__MATERIAL SHOWN__.
=== Section Start ===

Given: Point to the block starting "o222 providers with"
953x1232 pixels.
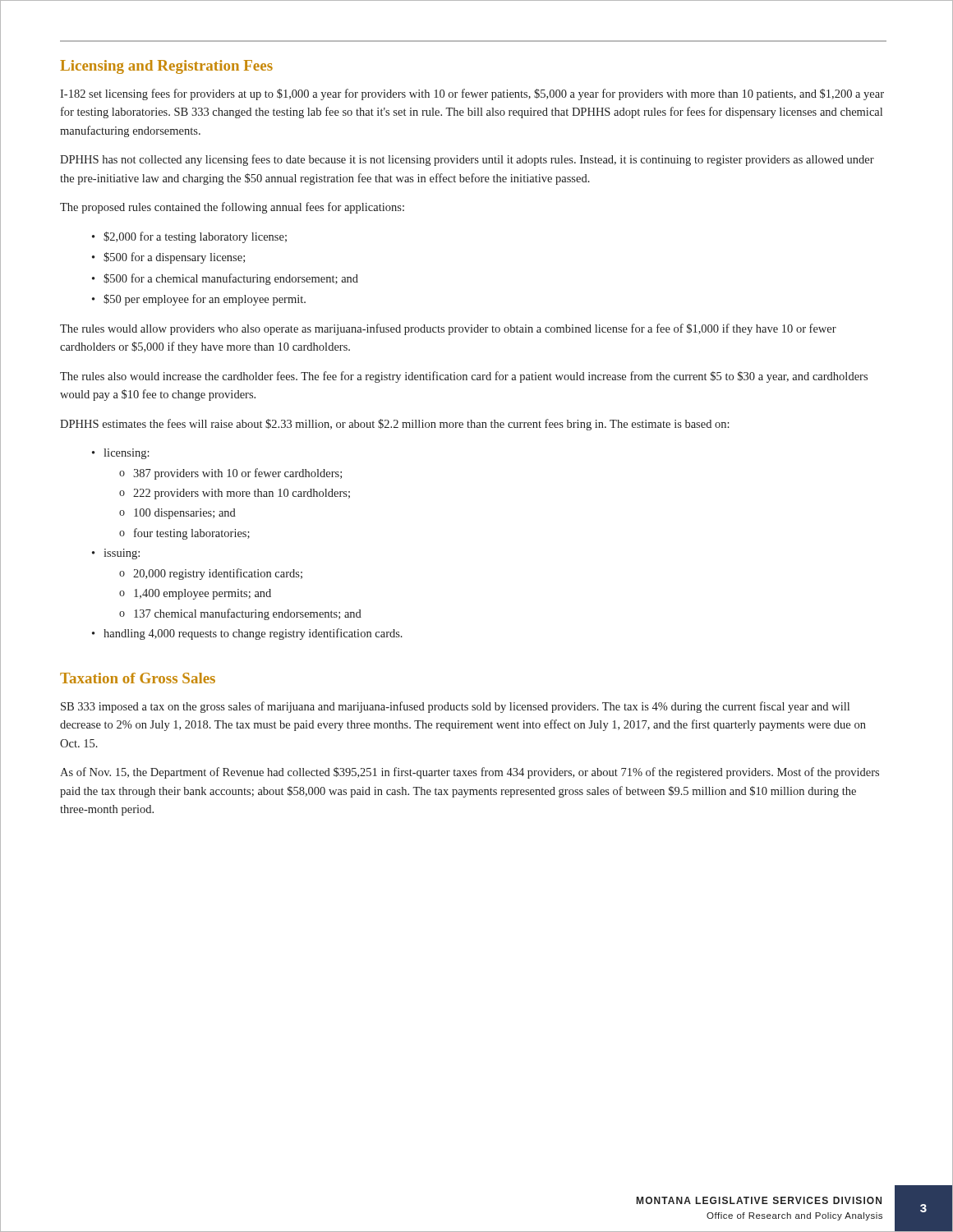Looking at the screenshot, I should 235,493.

=== Section End ===
=== Section Start ===

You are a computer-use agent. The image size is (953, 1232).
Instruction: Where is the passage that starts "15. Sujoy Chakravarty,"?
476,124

=== Section End ===
=== Section Start ===

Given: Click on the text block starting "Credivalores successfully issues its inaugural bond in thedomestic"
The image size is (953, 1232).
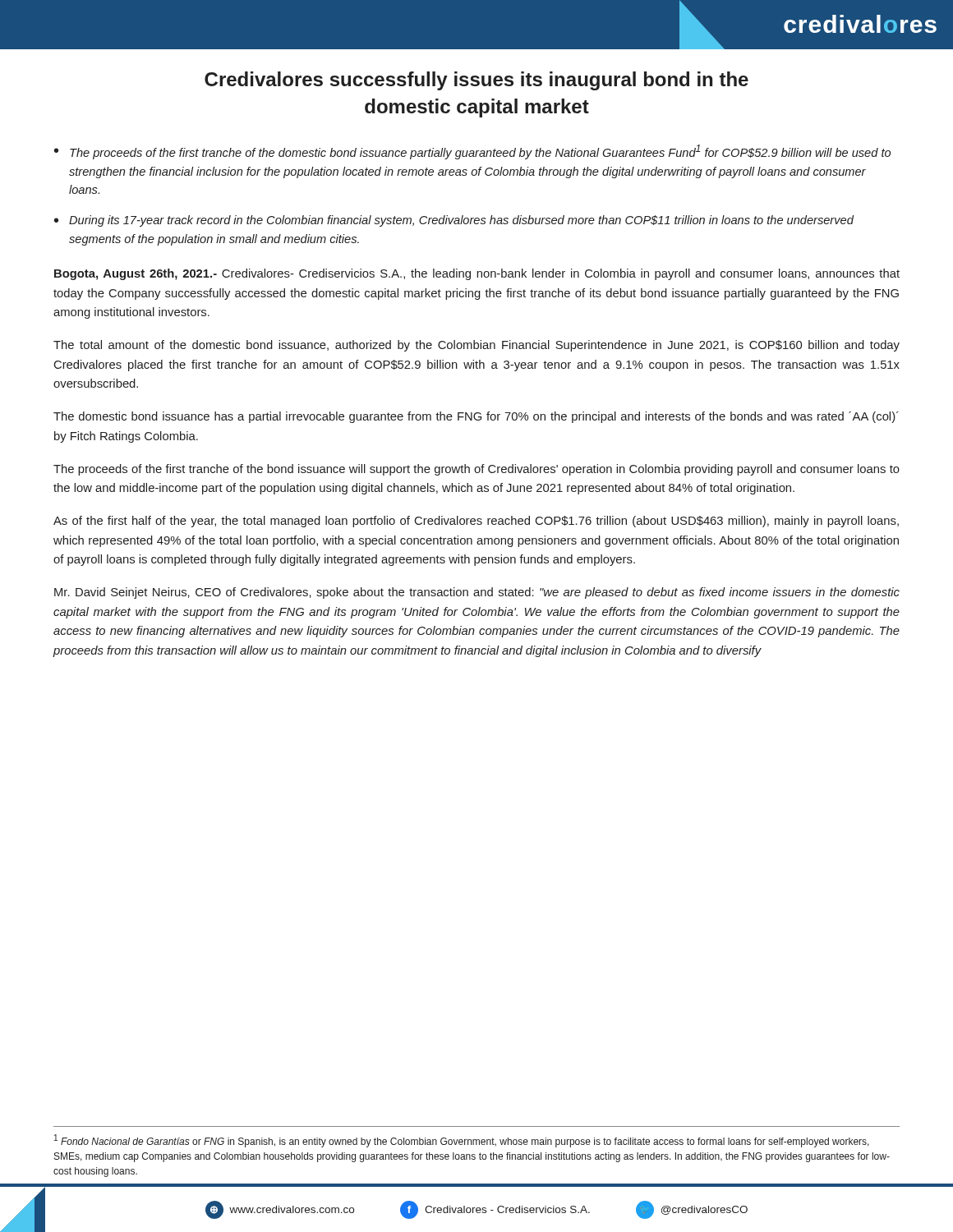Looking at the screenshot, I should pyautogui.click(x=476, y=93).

=== Section End ===

__EXERCISE OBJECTIVE__.
Reproduce every line from the preceding data in which the word "starting" can be found.

__REPLY__.
Given: Point to the block starting "o222 providers with"
Given: Click on the text block starting "Credivalores successfully issues its inaugural bond in thedomestic"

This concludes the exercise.